Speed Ream's Slashdot Article

The following is a reformatted version of my brother's article about Leo that appeared at slashdot.  The original version of that article is here.  This is one of the best descriptions of why Leo is special:

Hello, my full name is David Speed Ream. I am known as Speed to friends and enemies alike, but I gladly answer to David or most any other handle. I am an unabashed and biased fan of Leo, the fact that it was written by my brother Edward only slightly coloring my already colored glasses. I have been testing and using Leo in software production for over 4 years. My company currently has over 50,000 lines of code in over 100 source files that are written using Leo.

My comments are from two points of view, the first being software project manager for a complicated, multi-module software product, and the second being as a production line coder. For me, Leo’s greatest and only real drawback is the learning curve. This learning curve can be shallow is if all that is required is that someone code using Leo. However, in our company we allocate 40 to 80 hours on top of the normal coding load for someone to come up to speed on Leo. The ROI (return on investment) is calculated by me to be on the order of 3 months. So if I hire a consultant for less than 3 months, I don’t teach him Leo, even though all source code in our company must reside in Leo files for the reasons I won’t go into now.

I consider that my coders are 15 to 30 percent more efficient in their daily operations than my competition’s people. This indefensible claim of mine is based on the changes in my productivity as Leo grew from a test document production tool to the primary production method for all our assembly, c and cpp source code.

Personally, I hate to deal with documentation when I write code, except: 1) When I am first sitting down to solve a new problem. Then the documentation becomes quite long-winded and pontificatory, as if I were the only one on earth smart enough to solve the problem - or 2) When I come back to code I or someone else has written and find the documentation insufficient to understand the code without study (seems to be most of the time).

So I do not require my engineers or myself to do a great job of documentation, nor do I use Leo for that purpose. Rather, it is Leo’s outlining and organizing ability, and Leo’s ability to create source files from within the outline that give me what I think is a tremendous competitive advantage. Each of my company’s products run on all versions of windows from Win 3.1 to XP. In our flagship software piece, there are ten main modules, and each module is maintained by one single Leo file. In the codec module, one Leo file named compress.leo organizes and creates seven .asm files, forty-four .c files, twenty .h files, two .def files, four .mak files, etc. etc. etc. This one file can be checked out from source code control and given to an engineer for the addition of a new feature.

In it are contained all the known issues for the code, each issue arranged in its own clone section. One clone section groups together every routine, variable or type definition that must change between different versions of Windows. These sections could be from six different c source files, two assembly files, and eight .h files. Another clone section groups together those sections relating to memory problems, which change according to the memory configuration and TSR configuration (or lack thereof) on the target machine. Another clone section groups sections that fail (or don’t fail) if the routine in question was accidentally run during the dreaded ‘interrupt time’. Another clone section is a section containing clones, each of which is named after the major bug that was fixed when the engineer who fixed the bug grouped a bunch of routines, definitions, etc. together to fix the bug.

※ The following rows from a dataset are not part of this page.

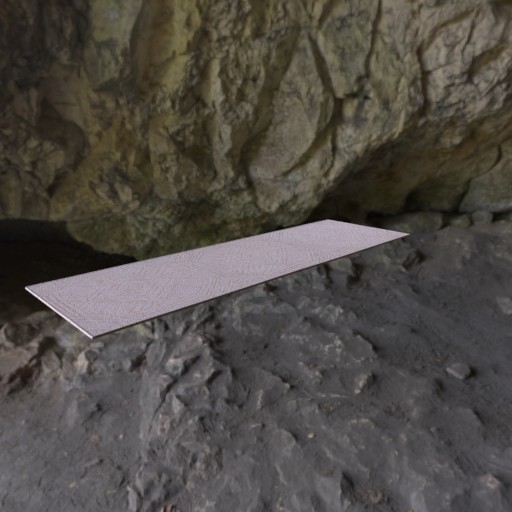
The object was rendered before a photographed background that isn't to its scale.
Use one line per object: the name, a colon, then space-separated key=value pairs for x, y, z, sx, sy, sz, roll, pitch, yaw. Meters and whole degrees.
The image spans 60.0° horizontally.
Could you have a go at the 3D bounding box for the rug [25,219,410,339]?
rug: x=0.000 y=0.000 z=2.754 sx=2.452 sy=0.012 sz=0.775 roll=-15 pitch=22 yaw=-42
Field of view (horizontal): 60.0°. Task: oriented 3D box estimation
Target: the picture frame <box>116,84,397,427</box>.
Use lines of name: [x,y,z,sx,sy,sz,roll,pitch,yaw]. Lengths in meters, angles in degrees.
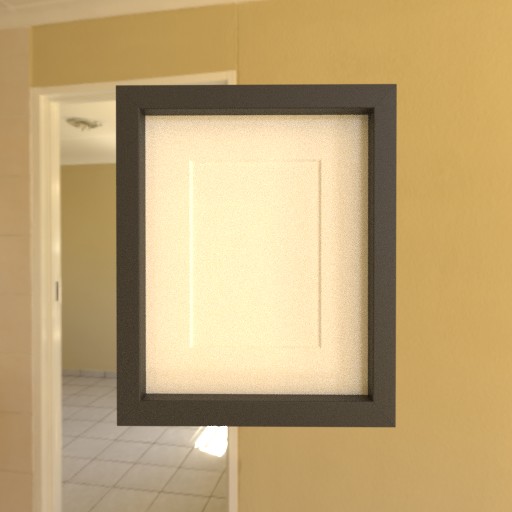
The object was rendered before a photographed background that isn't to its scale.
picture frame: [0.000,0.000,0.388,0.232,0.284,0.042,0,1,1]
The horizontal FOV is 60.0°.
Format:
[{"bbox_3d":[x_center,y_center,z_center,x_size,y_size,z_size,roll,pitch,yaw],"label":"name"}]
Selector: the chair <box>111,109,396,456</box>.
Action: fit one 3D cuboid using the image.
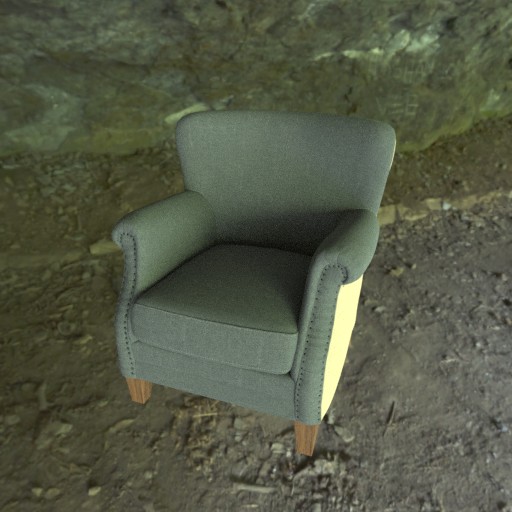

None of the above clone sections was ‘designed’ into the document. Just the opposite happens. When the codec was first written, there was just a single Leo file with a bunch of sections for each c routine or assembly module. As the product grew and was tested on various platforms, each failure of the module was organized into clones each time a failure was fixed. This is what I call self documenting code. This has nothing to do with me sitting and documenting anything. Its just that the structure of a bug fix (or product enhancement) lives on long after the coding is done, as long as no one is foolish enough to delete the cloned sections that document what happened.

In actual practice, this organizational ‘history’ is so powerful that I can’t begin to describe it. A reverse learning curve happens when an engineer gets a Leo file that already has the ‘interrupt time sensitive’ routines grouped together by the last unfortunate soul who had to work on them. There may not be any more written documentation, but the knowledge contained in the structure can be breathtaking. It is certainly timesaving. I find this particularly true in my own case. Often I’ll look at some code that seems totally unfamiliar and think ‘what idiot wrote this crap’. Then I’ll look at the version control comments and realize that I wrote the crap. Then for sure I know the documentation is non-existent, but the clones I used to develop it are still there, and they always serve to refresh my memory in an indescribable way.

Enough of this commentary, I just looked at the clock. Best wishes to anyone willing to try Leo for a week. I hope you will be glad you did.